Top of Excerpted records

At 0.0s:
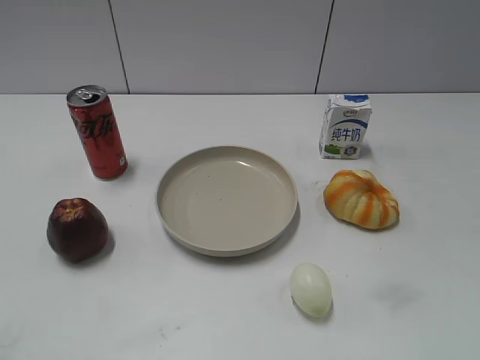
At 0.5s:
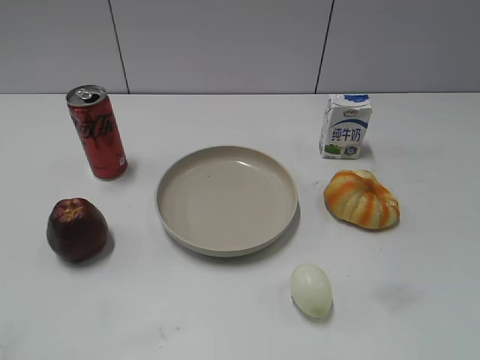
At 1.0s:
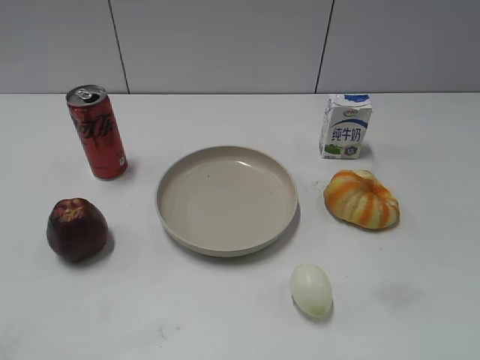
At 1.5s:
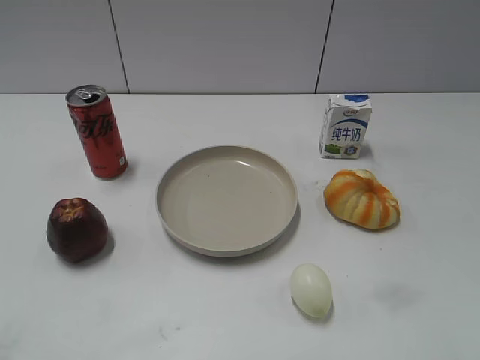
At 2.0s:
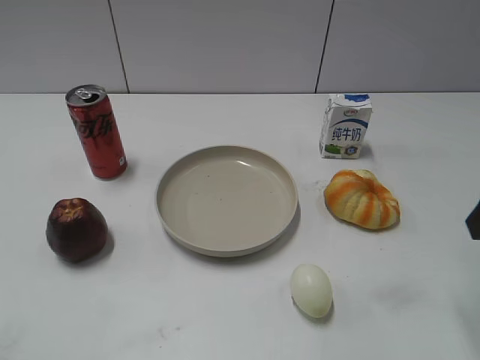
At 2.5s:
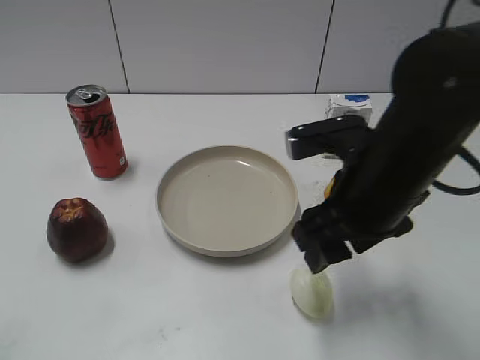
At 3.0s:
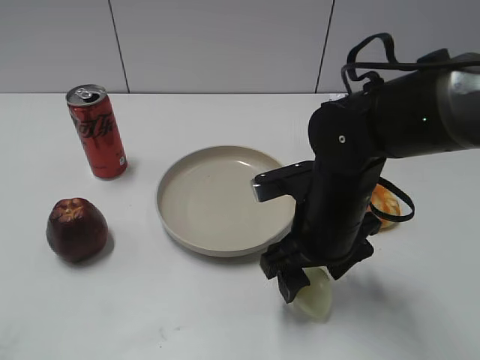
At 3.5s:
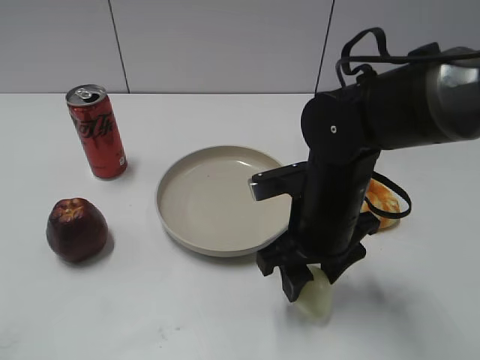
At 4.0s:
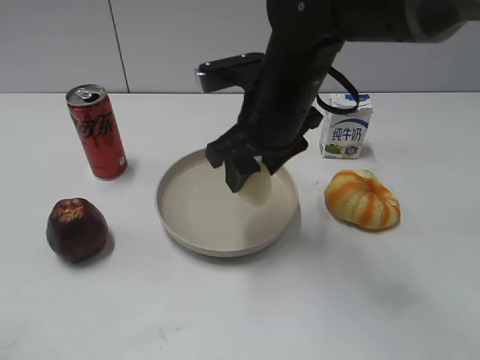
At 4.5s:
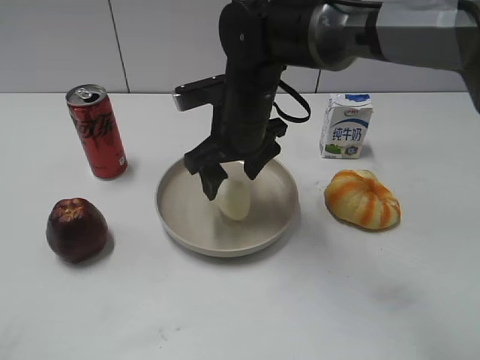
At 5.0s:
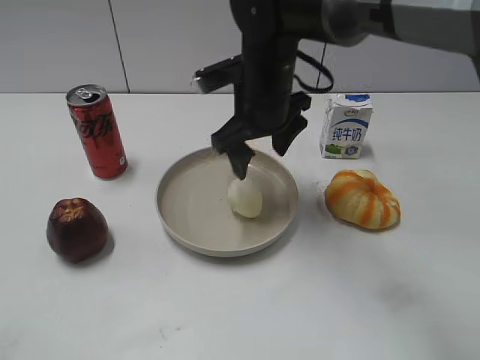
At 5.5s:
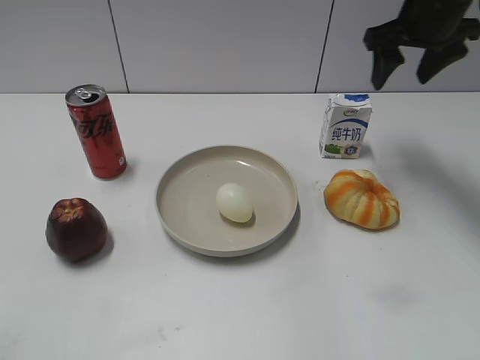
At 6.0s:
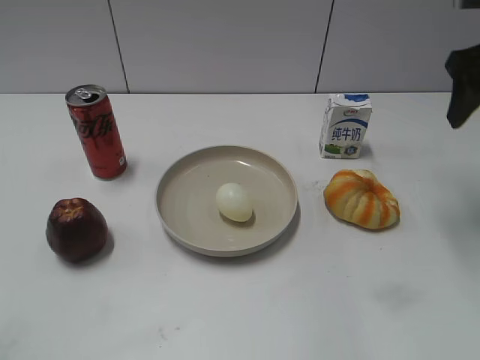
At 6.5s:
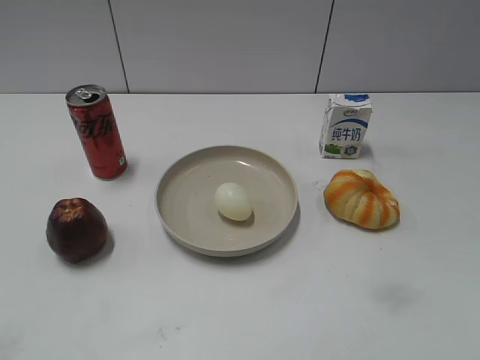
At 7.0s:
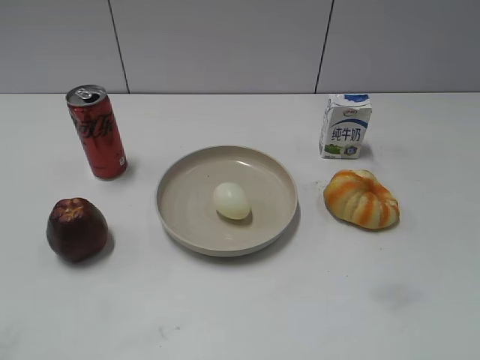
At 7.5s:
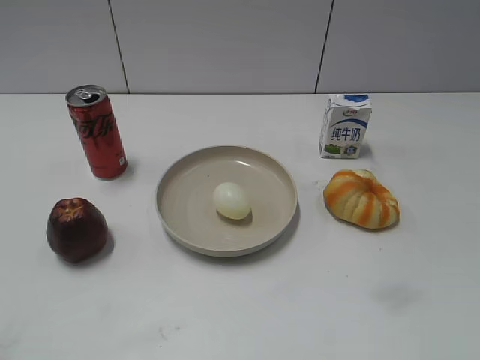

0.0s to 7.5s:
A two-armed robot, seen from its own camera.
Step, 1.0s to 3.0s: Grasp the egg with right gripper.
Step, 3.5s to 5.0s: Place the egg on the plate with right gripper.
2.0s to 4.0s: The right gripper shifts some 25 cm to the left and forward, and closes its fingers.
4.0s to 5.5s: The right gripper goes roughly 20 cm to the right and forward, and opens.
5.5s to 7.5s: The right gripper shifts approximately 40 cm backward.

Bottom of Excerpted records

• What you need to do: The records above should be returned word for word, with every picture left out.

• Task response:
At 0.0s:
At 0.5s:
At 1.0s:
At 1.5s:
At 2.0s:
At 2.5s:
At 3.0s:
At 3.5s:
At 4.0s:
At 4.5s:
At 5.0s:
At 5.5s:
At 6.0s:
At 6.5s:
At 7.0s:
At 7.5s:

0.0s to 7.5s:
A two-armed robot, seen from its own camera.
Step, 1.0s to 3.0s: Grasp the egg with right gripper.
Step, 3.5s to 5.0s: Place the egg on the plate with right gripper.
2.0s to 4.0s: The right gripper shifts some 25 cm to the left and forward, and closes its fingers.
4.0s to 5.5s: The right gripper goes roughly 20 cm to the right and forward, and opens.
5.5s to 7.5s: The right gripper shifts approximately 40 cm backward.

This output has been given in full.